=== Section Start ===
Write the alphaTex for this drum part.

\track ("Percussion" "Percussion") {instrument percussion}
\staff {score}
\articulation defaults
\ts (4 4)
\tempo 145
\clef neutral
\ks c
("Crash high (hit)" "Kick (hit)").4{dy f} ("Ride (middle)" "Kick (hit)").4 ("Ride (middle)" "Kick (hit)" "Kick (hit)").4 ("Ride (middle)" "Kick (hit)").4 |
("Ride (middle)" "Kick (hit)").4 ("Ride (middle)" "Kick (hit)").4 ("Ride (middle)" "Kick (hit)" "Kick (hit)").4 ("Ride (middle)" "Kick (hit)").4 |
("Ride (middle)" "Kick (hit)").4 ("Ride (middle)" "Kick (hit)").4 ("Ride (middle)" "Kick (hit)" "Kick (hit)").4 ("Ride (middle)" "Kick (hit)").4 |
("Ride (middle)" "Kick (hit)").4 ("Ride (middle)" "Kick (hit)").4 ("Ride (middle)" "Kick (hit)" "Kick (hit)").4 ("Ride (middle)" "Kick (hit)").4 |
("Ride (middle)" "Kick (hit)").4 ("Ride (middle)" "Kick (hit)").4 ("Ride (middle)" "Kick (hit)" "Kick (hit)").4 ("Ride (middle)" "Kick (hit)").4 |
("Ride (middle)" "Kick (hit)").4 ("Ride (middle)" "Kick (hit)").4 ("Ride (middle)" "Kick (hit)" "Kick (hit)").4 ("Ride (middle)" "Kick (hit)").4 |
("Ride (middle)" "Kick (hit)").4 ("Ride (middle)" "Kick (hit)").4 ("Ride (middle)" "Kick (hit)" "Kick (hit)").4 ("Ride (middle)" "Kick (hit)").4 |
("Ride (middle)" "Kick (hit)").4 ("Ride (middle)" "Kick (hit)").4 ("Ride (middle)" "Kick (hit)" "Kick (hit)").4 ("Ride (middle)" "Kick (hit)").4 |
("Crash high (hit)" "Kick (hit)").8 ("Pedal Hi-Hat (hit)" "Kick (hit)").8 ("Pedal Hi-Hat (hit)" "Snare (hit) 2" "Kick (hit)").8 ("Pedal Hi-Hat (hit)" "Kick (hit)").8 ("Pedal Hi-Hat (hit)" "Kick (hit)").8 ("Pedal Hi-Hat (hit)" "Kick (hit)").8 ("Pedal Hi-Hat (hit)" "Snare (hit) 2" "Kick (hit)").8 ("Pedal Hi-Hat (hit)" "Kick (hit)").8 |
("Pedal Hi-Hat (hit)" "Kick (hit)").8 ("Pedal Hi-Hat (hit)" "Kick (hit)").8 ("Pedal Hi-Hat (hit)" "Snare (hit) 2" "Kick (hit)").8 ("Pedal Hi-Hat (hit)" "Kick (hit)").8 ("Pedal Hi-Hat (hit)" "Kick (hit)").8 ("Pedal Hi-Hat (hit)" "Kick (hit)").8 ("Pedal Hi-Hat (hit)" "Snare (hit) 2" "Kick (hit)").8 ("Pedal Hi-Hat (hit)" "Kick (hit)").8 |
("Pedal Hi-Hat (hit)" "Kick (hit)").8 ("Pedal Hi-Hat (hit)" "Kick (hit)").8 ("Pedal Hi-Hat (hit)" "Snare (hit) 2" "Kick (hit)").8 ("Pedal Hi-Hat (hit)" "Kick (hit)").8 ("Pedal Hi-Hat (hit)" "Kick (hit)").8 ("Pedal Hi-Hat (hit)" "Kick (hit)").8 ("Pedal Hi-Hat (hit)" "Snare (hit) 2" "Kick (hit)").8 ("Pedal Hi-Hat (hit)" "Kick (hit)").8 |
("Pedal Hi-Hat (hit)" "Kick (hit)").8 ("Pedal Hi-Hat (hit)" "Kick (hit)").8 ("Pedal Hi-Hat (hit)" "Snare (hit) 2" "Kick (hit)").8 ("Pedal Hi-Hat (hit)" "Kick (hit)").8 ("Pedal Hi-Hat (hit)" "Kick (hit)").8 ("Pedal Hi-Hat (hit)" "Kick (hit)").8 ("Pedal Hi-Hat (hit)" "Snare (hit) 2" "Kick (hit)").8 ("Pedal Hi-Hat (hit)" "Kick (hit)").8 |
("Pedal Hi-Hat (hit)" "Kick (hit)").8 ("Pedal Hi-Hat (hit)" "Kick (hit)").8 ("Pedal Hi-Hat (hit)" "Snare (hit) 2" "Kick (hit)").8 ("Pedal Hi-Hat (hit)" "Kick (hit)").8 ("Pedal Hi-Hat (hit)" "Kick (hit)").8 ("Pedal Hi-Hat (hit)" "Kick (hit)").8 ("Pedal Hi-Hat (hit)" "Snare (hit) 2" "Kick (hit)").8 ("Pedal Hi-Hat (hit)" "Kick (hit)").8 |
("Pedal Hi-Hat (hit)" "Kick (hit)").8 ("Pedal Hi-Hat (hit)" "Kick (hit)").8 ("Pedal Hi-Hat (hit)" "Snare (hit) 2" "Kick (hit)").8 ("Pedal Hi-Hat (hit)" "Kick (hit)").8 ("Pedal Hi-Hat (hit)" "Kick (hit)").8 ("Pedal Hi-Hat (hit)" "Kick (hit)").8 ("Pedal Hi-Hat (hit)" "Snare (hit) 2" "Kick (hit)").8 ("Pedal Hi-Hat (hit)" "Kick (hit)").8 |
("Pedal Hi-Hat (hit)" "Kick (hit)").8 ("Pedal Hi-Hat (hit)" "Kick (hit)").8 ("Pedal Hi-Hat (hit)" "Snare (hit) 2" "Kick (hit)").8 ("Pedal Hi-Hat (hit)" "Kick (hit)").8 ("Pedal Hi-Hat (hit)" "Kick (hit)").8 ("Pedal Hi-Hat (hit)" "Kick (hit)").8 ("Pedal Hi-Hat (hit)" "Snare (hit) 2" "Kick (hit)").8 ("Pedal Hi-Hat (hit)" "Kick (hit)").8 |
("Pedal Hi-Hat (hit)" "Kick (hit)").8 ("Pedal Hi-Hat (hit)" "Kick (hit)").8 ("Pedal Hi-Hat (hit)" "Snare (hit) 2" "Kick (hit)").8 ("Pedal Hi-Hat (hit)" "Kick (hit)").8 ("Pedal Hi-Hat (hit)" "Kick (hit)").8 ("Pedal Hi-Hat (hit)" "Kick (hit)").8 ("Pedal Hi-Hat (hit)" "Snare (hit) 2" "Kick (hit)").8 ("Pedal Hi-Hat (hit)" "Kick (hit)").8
=== Section End ===
> _What you need to do_
Nothing added, nothing dropped: copy the data above.

> _Response to the exercise_
Write the alphaTex for this drum part.

\track ("Percussion" "Percussion") {instrument percussion}
\staff {score}
\articulation defaults
\ts (4 4)
\tempo 145
\clef neutral
\ks c
("Crash high (hit)" "Kick (hit)").4{dy f} ("Ride (middle)" "Kick (hit)").4 ("Ride (middle)" "Kick (hit)" "Kick (hit)").4 ("Ride (middle)" "Kick (hit)").4 |
("Ride (middle)" "Kick (hit)").4 ("Ride (middle)" "Kick (hit)").4 ("Ride (middle)" "Kick (hit)" "Kick (hit)").4 ("Ride (middle)" "Kick (hit)").4 |
("Ride (middle)" "Kick (hit)").4 ("Ride (middle)" "Kick (hit)").4 ("Ride (middle)" "Kick (hit)" "Kick (hit)").4 ("Ride (middle)" "Kick (hit)").4 |
("Ride (middle)" "Kick (hit)").4 ("Ride (middle)" "Kick (hit)").4 ("Ride (middle)" "Kick (hit)" "Kick (hit)").4 ("Ride (middle)" "Kick (hit)").4 |
("Ride (middle)" "Kick (hit)").4 ("Ride (middle)" "Kick (hit)").4 ("Ride (middle)" "Kick (hit)" "Kick (hit)").4 ("Ride (middle)" "Kick (hit)").4 |
("Ride (middle)" "Kick (hit)").4 ("Ride (middle)" "Kick (hit)").4 ("Ride (middle)" "Kick (hit)" "Kick (hit)").4 ("Ride (middle)" "Kick (hit)").4 |
("Ride (middle)" "Kick (hit)").4 ("Ride (middle)" "Kick (hit)").4 ("Ride (middle)" "Kick (hit)" "Kick (hit)").4 ("Ride (middle)" "Kick (hit)").4 |
("Ride (middle)" "Kick (hit)").4 ("Ride (middle)" "Kick (hit)").4 ("Ride (middle)" "Kick (hit)" "Kick (hit)").4 ("Ride (middle)" "Kick (hit)").4 |
("Crash high (hit)" "Kick (hit)").8 ("Pedal Hi-Hat (hit)" "Kick (hit)").8 ("Pedal Hi-Hat (hit)" "Snare (hit) 2" "Kick (hit)").8 ("Pedal Hi-Hat (hit)" "Kick (hit)").8 ("Pedal Hi-Hat (hit)" "Kick (hit)").8 ("Pedal Hi-Hat (hit)" "Kick (hit)").8 ("Pedal Hi-Hat (hit)" "Snare (hit) 2" "Kick (hit)").8 ("Pedal Hi-Hat (hit)" "Kick (hit)").8 |
("Pedal Hi-Hat (hit)" "Kick (hit)").8 ("Pedal Hi-Hat (hit)" "Kick (hit)").8 ("Pedal Hi-Hat (hit)" "Snare (hit) 2" "Kick (hit)").8 ("Pedal Hi-Hat (hit)" "Kick (hit)").8 ("Pedal Hi-Hat (hit)" "Kick (hit)").8 ("Pedal Hi-Hat (hit)" "Kick (hit)").8 ("Pedal Hi-Hat (hit)" "Snare (hit) 2" "Kick (hit)").8 ("Pedal Hi-Hat (hit)" "Kick (hit)").8 |
("Pedal Hi-Hat (hit)" "Kick (hit)").8 ("Pedal Hi-Hat (hit)" "Kick (hit)").8 ("Pedal Hi-Hat (hit)" "Snare (hit) 2" "Kick (hit)").8 ("Pedal Hi-Hat (hit)" "Kick (hit)").8 ("Pedal Hi-Hat (hit)" "Kick (hit)").8 ("Pedal Hi-Hat (hit)" "Kick (hit)").8 ("Pedal Hi-Hat (hit)" "Snare (hit) 2" "Kick (hit)").8 ("Pedal Hi-Hat (hit)" "Kick (hit)").8 |
("Pedal Hi-Hat (hit)" "Kick (hit)").8 ("Pedal Hi-Hat (hit)" "Kick (hit)").8 ("Pedal Hi-Hat (hit)" "Snare (hit) 2" "Kick (hit)").8 ("Pedal Hi-Hat (hit)" "Kick (hit)").8 ("Pedal Hi-Hat (hit)" "Kick (hit)").8 ("Pedal Hi-Hat (hit)" "Kick (hit)").8 ("Pedal Hi-Hat (hit)" "Snare (hit) 2" "Kick (hit)").8 ("Pedal Hi-Hat (hit)" "Kick (hit)").8 |
("Pedal Hi-Hat (hit)" "Kick (hit)").8 ("Pedal Hi-Hat (hit)" "Kick (hit)").8 ("Pedal Hi-Hat (hit)" "Snare (hit) 2" "Kick (hit)").8 ("Pedal Hi-Hat (hit)" "Kick (hit)").8 ("Pedal Hi-Hat (hit)" "Kick (hit)").8 ("Pedal Hi-Hat (hit)" "Kick (hit)").8 ("Pedal Hi-Hat (hit)" "Snare (hit) 2" "Kick (hit)").8 ("Pedal Hi-Hat (hit)" "Kick (hit)").8 |
("Pedal Hi-Hat (hit)" "Kick (hit)").8 ("Pedal Hi-Hat (hit)" "Kick (hit)").8 ("Pedal Hi-Hat (hit)" "Snare (hit) 2" "Kick (hit)").8 ("Pedal Hi-Hat (hit)" "Kick (hit)").8 ("Pedal Hi-Hat (hit)" "Kick (hit)").8 ("Pedal Hi-Hat (hit)" "Kick (hit)").8 ("Pedal Hi-Hat (hit)" "Snare (hit) 2" "Kick (hit)").8 ("Pedal Hi-Hat (hit)" "Kick (hit)").8 |
("Pedal Hi-Hat (hit)" "Kick (hit)").8 ("Pedal Hi-Hat (hit)" "Kick (hit)").8 ("Pedal Hi-Hat (hit)" "Snare (hit) 2" "Kick (hit)").8 ("Pedal Hi-Hat (hit)" "Kick (hit)").8 ("Pedal Hi-Hat (hit)" "Kick (hit)").8 ("Pedal Hi-Hat (hit)" "Kick (hit)").8 ("Pedal Hi-Hat (hit)" "Snare (hit) 2" "Kick (hit)").8 ("Pedal Hi-Hat (hit)" "Kick (hit)").8 |
("Pedal Hi-Hat (hit)" "Kick (hit)").8 ("Pedal Hi-Hat (hit)" "Kick (hit)").8 ("Pedal Hi-Hat (hit)" "Snare (hit) 2" "Kick (hit)").8 ("Pedal Hi-Hat (hit)" "Kick (hit)").8 ("Pedal Hi-Hat (hit)" "Kick (hit)").8 ("Pedal Hi-Hat (hit)" "Kick (hit)").8 ("Pedal Hi-Hat (hit)" "Snare (hit) 2" "Kick (hit)").8 ("Pedal Hi-Hat (hit)" "Kick (hit)").8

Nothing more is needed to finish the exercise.